In less serious cases, children who were breastfed generally recover faster than a formula-fed child because the baby picks up the mother’s antibodies. It is generally safe for the mother to breastfeed when ill, and in fact, the protective components in her milk typically increase in response to her infection.
Research has also shown that breastfed babies are less likely to develop leukemia and lymphoma, which means that breastfeeding lowers their odds of developing cancer later on.
The Metabolic Benefits
Mothers have probably heard about how breastfeeding helps them return to a healthy weight faster, and it turns out that breastfeeding provides metabolic benefits for the child as well. For example, the child’s odds of developing Type 2 diabetes are up to forty percent lower, while the risk of developing Type 1 diabetes is up to thirty percent lower. These benefits last a lifetime too, as breastfeeding lowers the odds of your child becoming obese as an adult.
The Psychological Benefits
Breastfeeding could also literally boost your baby’s brainpower as well. In recent studies, it was shown that infants who were breastfed tend to do better on IQ tests. This is correlated to the extra 20 to 30 percent white matter found in toddlers and pre-schoolers who were breastfed exclusively for the first three months of life.
One of the reasons why this could be so is because of special nutrients found in breast milk. Breast milk has been shown to be high in various long-chain fatty acids, such as DHA, for instance. DHA has been shown to have a positive effect on brain development and brain health in general.
Children who were breastfed were also less prone to behavioural problems at school. For example, one study has shown that breastfed children were one third less likely to show behavioural problems at age five. This all adds up, and more importantly, the benefits extend beyond their early years.
A British study found that infants who were exclusively breastfed for the first six months or more earned higher grades at age 16. Meanwhile, a Brazilian study found that breastfeeding for the first year was correlated with higher average wages at age 30. This was even seen when factors like mother’s education and household income were considered.
This is aside from the intense emotional connection breastfeeding fosters between mother and child. Simply breastfeeding the child creates a secure, loving relationship. Breastfeeding will soothe an ill or upset child, too. In fact, you could breastfeed your child while they are receiving their vaccinations to provide natural relief to the pain. And because breastfeeding raises levels of oxytocin, the bonding hormone, it may help your child cope better with stress later in life.
Recent studies have dispelled the myth that breastfed infants wake more often for feedings at night, and have found that breastfed infants actually get back to sleep sooner. This is because the oxytocin created when breastfeeding makes both mother and child more tired, and other hormones created when breastfeeding help the child develop a healthy sleep-wake cycle.
The Overall Benefits Seen in Preemies
A number of health benefits of breastfeeding are seen in premature infants in particular.
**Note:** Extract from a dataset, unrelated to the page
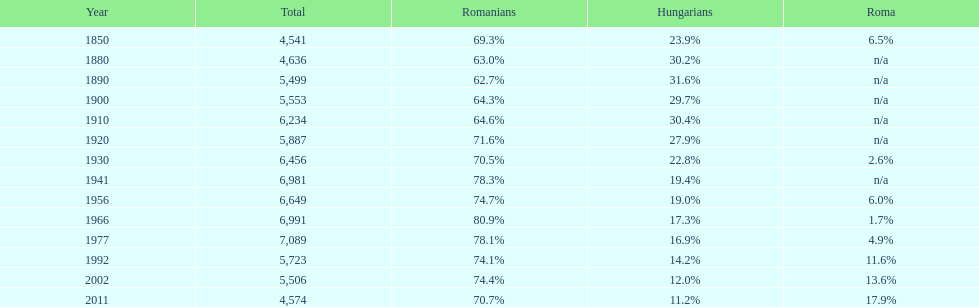What is the number of times the total population was 6,000 or more? 6. 
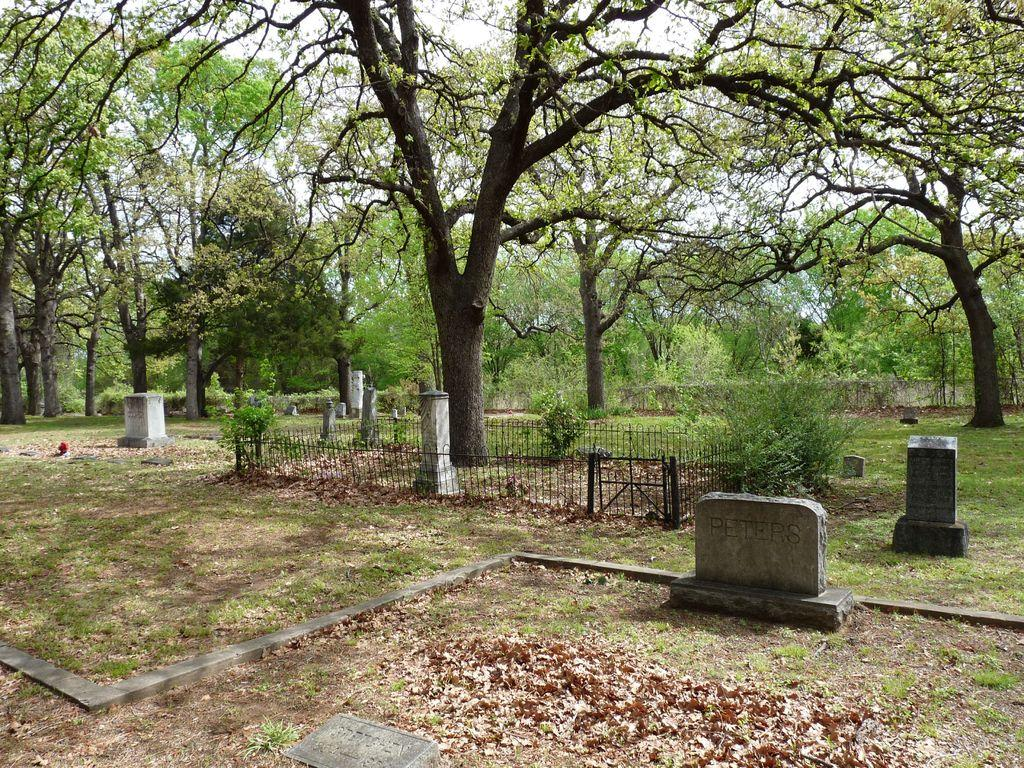What can be seen in the image that represents burial sites? There are graves in the image. What type of vegetation is present on the ground in the image? Dry leaves, plants, and grass are visible in the image. What type of barrier is present in the image? There is a fence in the image. What type of natural environment is visible in the image? Trees and grass are visible in the image. What is visible in the background of the image? The sky and trees are visible in the background of the image. What type of oil is being used to create steam in the image? There is no oil or steam present in the image; it features graves, dry leaves, a fence, plants, trees, grass, and sky.

Breastfed premature infants have a lower risk of sepsis and chronic lung disease. Breast milk is also the ideal food for them, helping them to gain weight as quickly and healthily as possible, which means they are more likely to come home early from the hospital. This is why breastmilk is considered a medical intervention for premature infants.
Breastfeeding has been shown to provide an amazing array of health benefits, and the evidence to support this is building. Furthermore, breastfeeding benefits your child for their entire lives. This is why you should strongly consider breastfeeding as an option, if this is a possibility for you.